Pharmaceutical Chemistry: Towards Full-Cycle Production round table discussion was held as part of the business program at ChemTech Ural 2026. Alexander Petrov, Chairman of the Board of Directors of Medsintez Plant LLC, was the keynote speaker at the event.
In his speech, the expert shared the company's experience in developing the original Russian drug TRIAZAVIRIN® and discussed in details current challenges faced by domestic pharmaceutical manufacturers. He also thanked his partners and colleagues for their collaborative efforts, noting that this cooperation has successfully created the «country's antiviral shield» in the event of pandemics.
The report focused primarily on the shortage of pharmacopeial-grade (pharm grade) raw materials. Alexander Petrov outlined the plant's key technological platforms – biotechnology, organic synthesis, and solid-phase peptide synthesis – highlighting specific challenges for each of them.
He emphasized that biotechnology requires high-purity raw materials, including salts, trace elements, and solvents, whereas existing Russian offers are often only of technical grade. Peptide synthesis requires tonnage volumes of high-purity solvents, such as dimethylformamide, methyl tert-butyl ether, and trifluoroacetic acid, as well as sorbents for chromatographic purification. For finished dosage forms, there is an urgent demand for excipients of the highest purity – phenol, metacresol, and benzyl alcohol – which must also comply with «pharm grade» standards.

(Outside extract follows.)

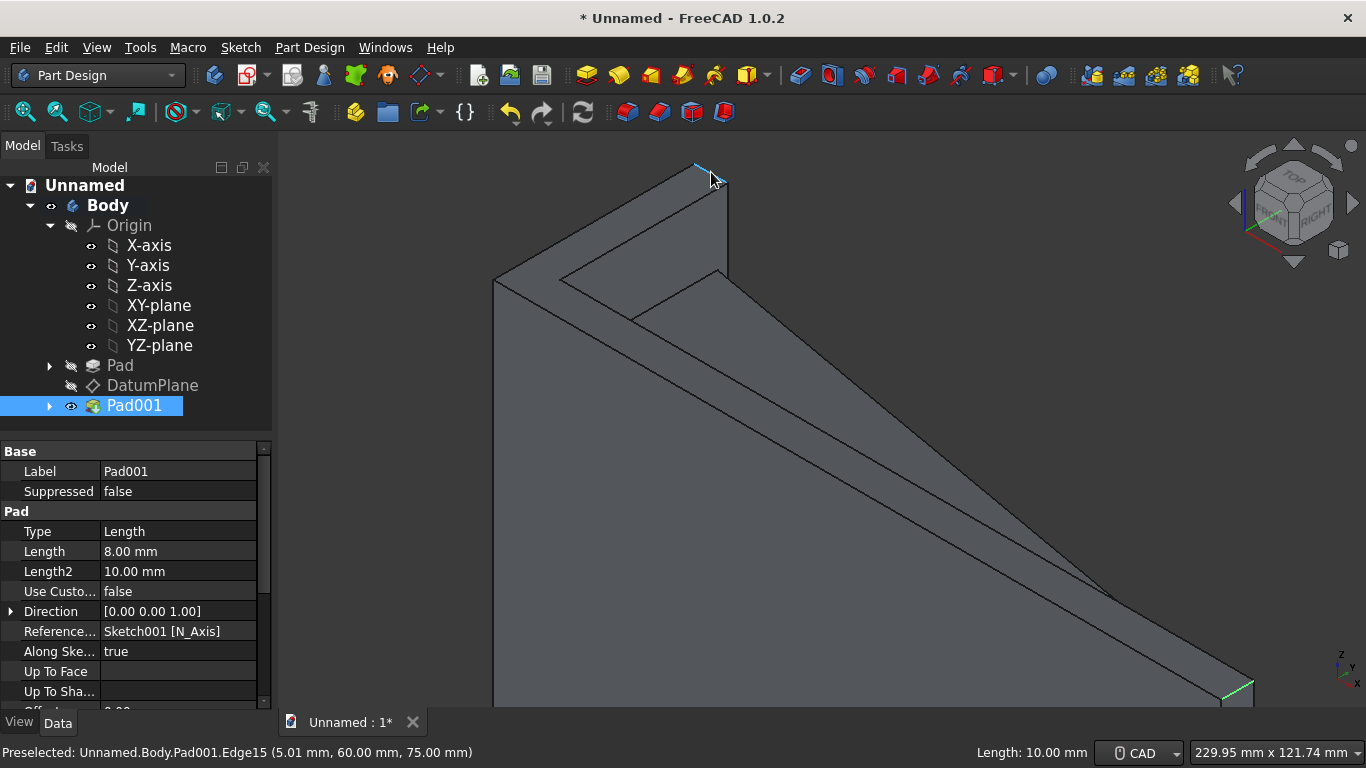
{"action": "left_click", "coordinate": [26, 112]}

According to the speaker, a particular challenge is the impossibility of quickly changing a supplier due to the manufacturer's pharmacopoeial monographs (MPM). Any modification requires approval from the Ministry of Health, which involves significant expenditures of both time and financial resources.

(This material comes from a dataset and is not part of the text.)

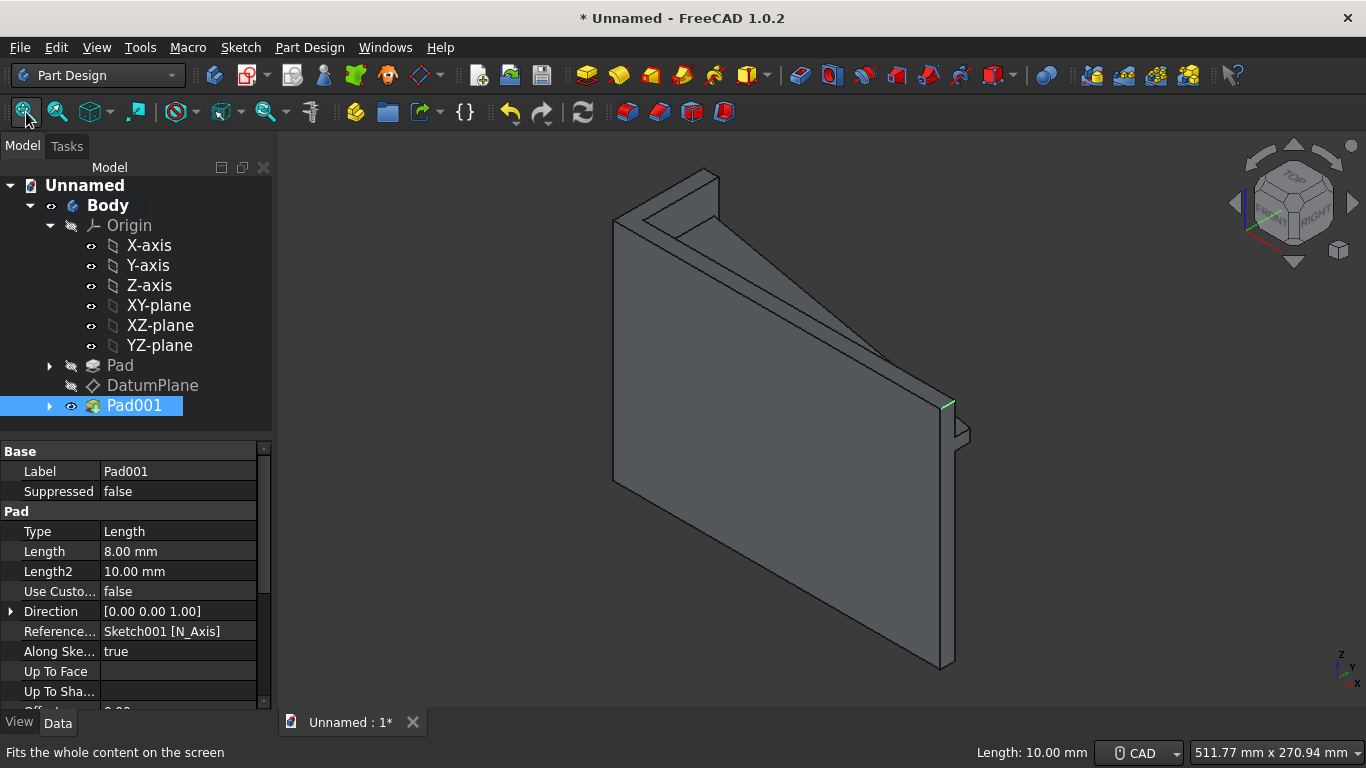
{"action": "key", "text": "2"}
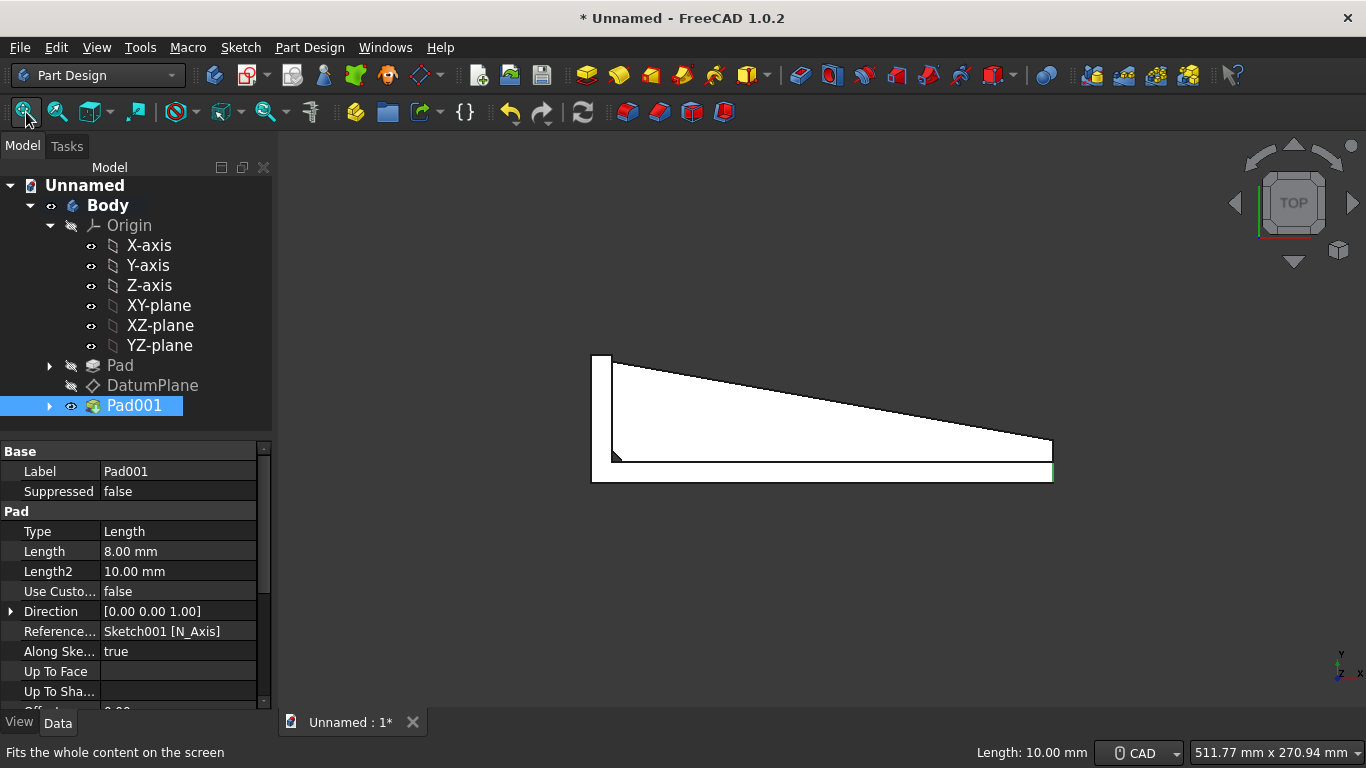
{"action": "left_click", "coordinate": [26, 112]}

Alexander Petrov emphasized that the key conditions for the sustainable development of the chemical industry are confidence in the reliability of raw material suppliers (a new supplier must not close down after three years), supply stability over a horizon of at least 10 years, production economics, and affordable raw material prices compared to suppliers from India and China. At the same time, he noted that the cost of Russian products is currently higher than foreign analogues due to insufficient production volumes. Nevertheless, the plant has already been working on entering the international markets of Pakistan, Indonesia, and South Africa.
At the end of his speech, the Chairman of the Board of Directors of Medsintez Plant expressed his hope for the launch of new production capacities for high-quality pharmaceutical chemicals, including within the framework of state-run projects, and urged colleagues to use Russian products more actively.
«With our developers, manufacturers, associations, and scientists, I am confident that Russian pharmaceuticals definitely have a future. They will be in demand all over the world,» concluded Alexander Petrov.